Directions
Look through the records and copy each line with the string "Numbers" in it.
START Dataset
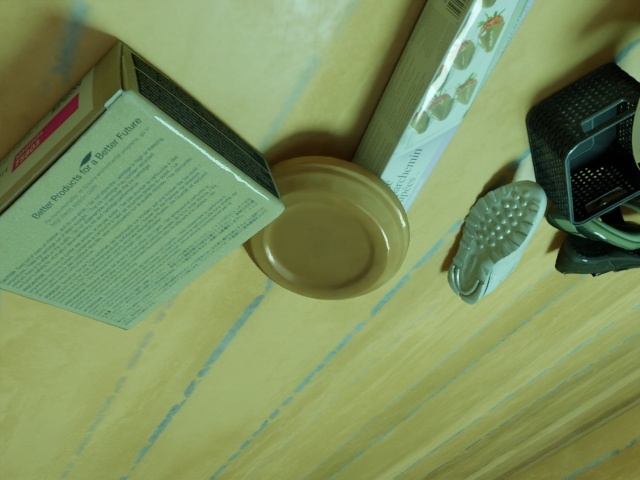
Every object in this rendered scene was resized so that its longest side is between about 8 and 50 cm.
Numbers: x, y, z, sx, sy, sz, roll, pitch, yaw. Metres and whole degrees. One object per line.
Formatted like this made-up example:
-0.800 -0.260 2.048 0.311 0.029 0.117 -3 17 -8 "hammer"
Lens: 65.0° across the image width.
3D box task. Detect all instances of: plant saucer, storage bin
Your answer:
0.000 0.000 0.570 0.200 0.037 0.200 6 129 8 "plant saucer"
0.349 -0.116 0.644 0.122 0.084 0.180 -31 142 9 "storage bin"

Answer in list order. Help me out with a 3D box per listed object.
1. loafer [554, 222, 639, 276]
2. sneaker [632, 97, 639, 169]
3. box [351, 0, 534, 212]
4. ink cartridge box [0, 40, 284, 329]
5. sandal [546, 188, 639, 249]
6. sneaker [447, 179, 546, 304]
0.504 0.021 0.894 0.220 0.080 0.078 0 146 -19 "loafer"
0.467 -0.185 0.524 0.236 0.130 0.323 12 103 -43 "sneaker"
0.098 -0.125 0.525 0.063 0.067 0.324 1 135 -27 "box"
-0.185 -0.031 0.475 0.234 0.088 0.193 -35 138 16 "ink cartridge box"
0.484 -0.036 0.791 0.302 0.120 0.086 4 101 -20 "sandal"
0.270 -0.003 0.749 0.094 0.090 0.235 -18 147 -27 "sneaker"
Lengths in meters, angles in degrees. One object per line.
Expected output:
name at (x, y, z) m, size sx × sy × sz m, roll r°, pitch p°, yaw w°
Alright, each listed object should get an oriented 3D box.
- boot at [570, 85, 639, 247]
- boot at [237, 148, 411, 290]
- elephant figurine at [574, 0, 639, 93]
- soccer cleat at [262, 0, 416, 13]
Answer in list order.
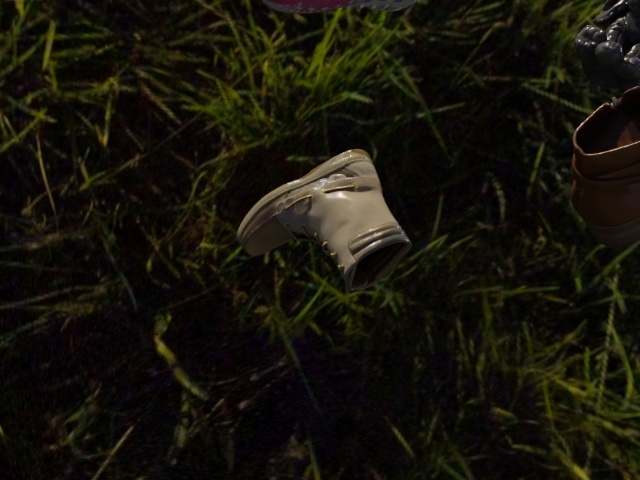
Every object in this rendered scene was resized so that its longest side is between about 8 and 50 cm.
boot at (0.274, -0.080, 0.541) m, size 0.197 × 0.152 × 0.073 m, roll -38°, pitch 55°, yaw 5°
boot at (0.000, 0.000, 1.169) m, size 0.262 × 0.095 × 0.204 m, roll -30°, pitch 58°, yaw 11°
elephant figurine at (0.587, -0.402, 1.352) m, size 0.169 × 0.186 × 0.239 m, roll 32°, pitch 88°, yaw -36°
soccer cleat at (0.073, -0.378, 1.081) m, size 0.331 × 0.143 × 0.116 m, roll -19°, pitch 64°, yaw -5°
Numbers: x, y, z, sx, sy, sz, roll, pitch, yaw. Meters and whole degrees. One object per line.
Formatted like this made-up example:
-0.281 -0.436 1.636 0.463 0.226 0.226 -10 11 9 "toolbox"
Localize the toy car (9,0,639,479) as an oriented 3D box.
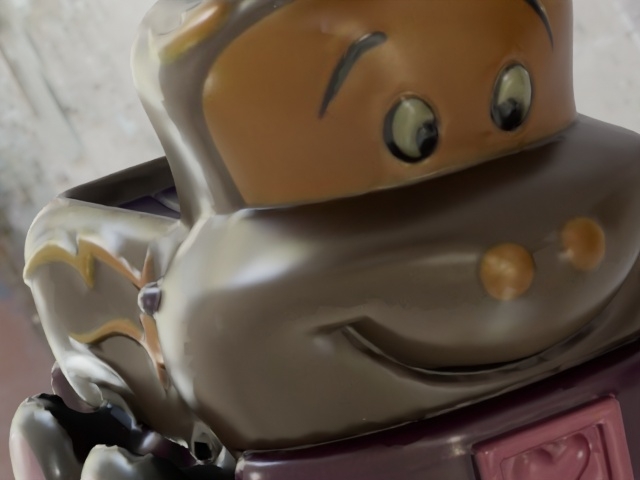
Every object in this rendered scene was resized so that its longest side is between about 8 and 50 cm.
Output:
0.000 0.000 0.791 0.341 0.271 0.240 8 113 64 "toy car"
END Dataset
Reply to the task
Numbers: x, y, z, sx, sy, sz, roll, pitch, yaw. Metres and whole degrees. One object per line.
Numbers: x, y, z, sx, sy, sz, roll, pitch, yaw. Meters and whole degrees. One object per line.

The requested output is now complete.